Antique floorshow

Samlesbury Hall, Lancashire

Samlesbury Hall, Lancashire

Samlesbury Hall is only a couple of miles away from Hoghton Tower and can easily be visited on the same day.  It too is a palimpsest, though its architectural significance is completely different:  the current volume of Pevsner describes it as “one of the outstanding Lancashire halls of the timber-framed variety”.

The chapel was licensed in 1420 and was probably built around that time;  the hall is of a similar date, and the south range dates from around 1545, except for the west end which is 1862.  Originally the home of the Southworth family, the hall was apparently an inn by the 1830s.

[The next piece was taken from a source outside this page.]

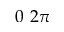<formula> <loc_0><loc_0><loc_500><loc_500>0 2 \pi</formula>

There are all sorts of fascinating details.  The traceried window in the chapel, and presumably others, were imported from Whalley Abbey after the Dissolution.

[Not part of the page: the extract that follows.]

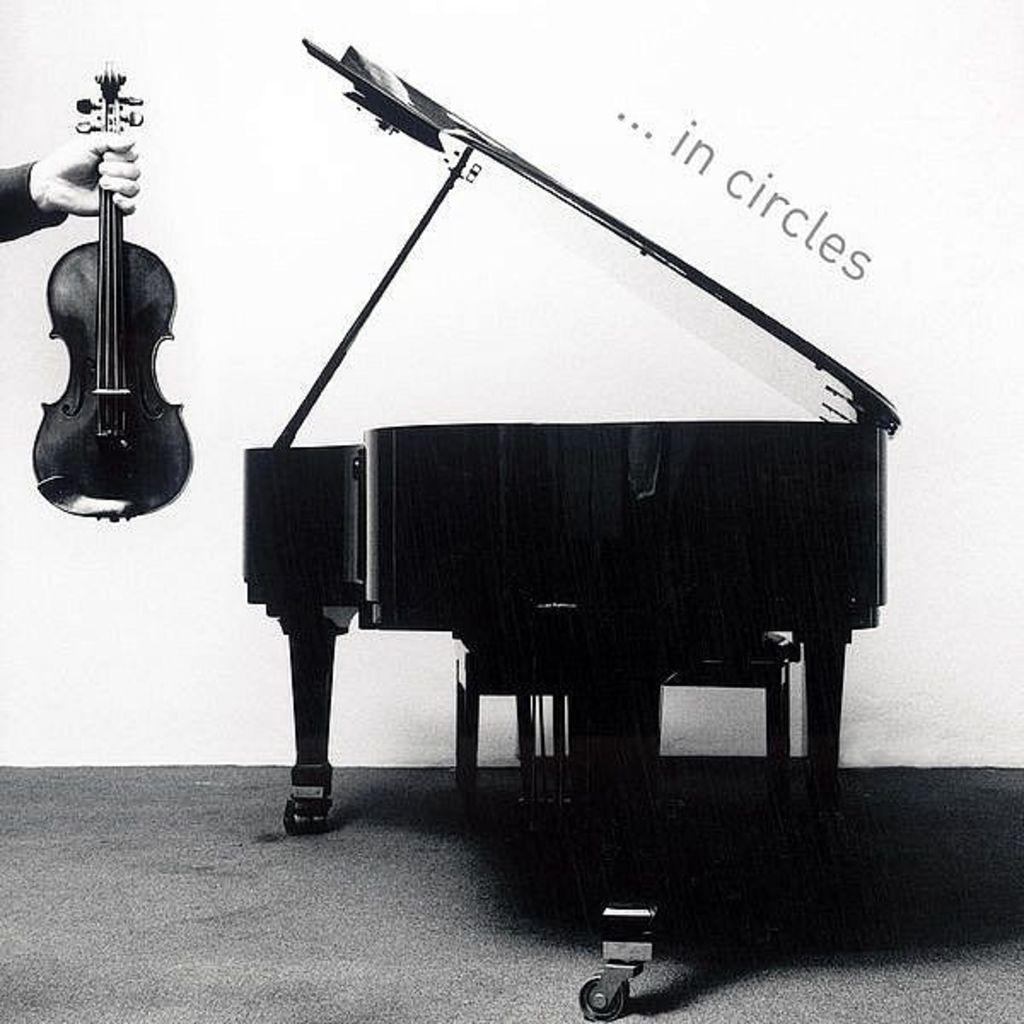What is the color scheme of the poster in the image? The poster is black and white. What musical instrument with wheels can be seen in the image? There is a piano with wheels in the image. What other musical instrument is present in the image? There is a violin in the image. Who is holding the violin in the image? A person is holding the violin. Where is the person holding the violin located in the image? The person is in the left corner of the image. What can be found on the poster besides the musical instruments? There is text written on the poster. Can you tell me how many cups are placed on the piano in the image? There are no cups present on the piano in the image. Is the person's grandmother playing the violin in the image? There is no mention of a grandmother in the image, and the person holding the violin is not playing it.

The great hall had a movable screen like the one at Rufford Old Hall, and the bizarre carved finials were later incorporated in the minstrels’ gallery.  The hall fireplace is Victorian, probably dating from 1845.  The oriel at the dais end houses a magnificent Bechstein grand piano.

A frankly modern bridge leads visitors over to ancillary buildings in the courtyard.

The place was threatened with demolition in the 1920s and was bought by a group of Blackburn businessmen who established a Trust to preserve it for public enjoyment.  As such, the building has to earn its keep.

Consequently, several rooms are given over to the sales-floor of an antiques emporium and there are regular exhibitions of art, ceramics, sculpture and jewellery.  There is a wonderfully relaxed coffee-shop, stuffed with sofas, and a restaurant.  You can hire the place for many kinds of events, from a funeral to a hog roast.

For the casual tourist the presentation experience is completely different to Hoghton.  Visitors wander at will, guided by display panels which the lady greeter made no bones about declaring were incomplete.

Is it worth paying £3.00 admission to see?  Most definitely.  But I think I’d take exception to paying £3.00 for the privilege of buying antiques.  Perhaps they knock the admission charge off the price of the chaise-longue or whatever.

I think they would in Yorkshire.

Card-carrying Friends of the Historic Houses Association are admitted free to Samlesbury Hall:  see http://www.samlesburyhall.co.uk.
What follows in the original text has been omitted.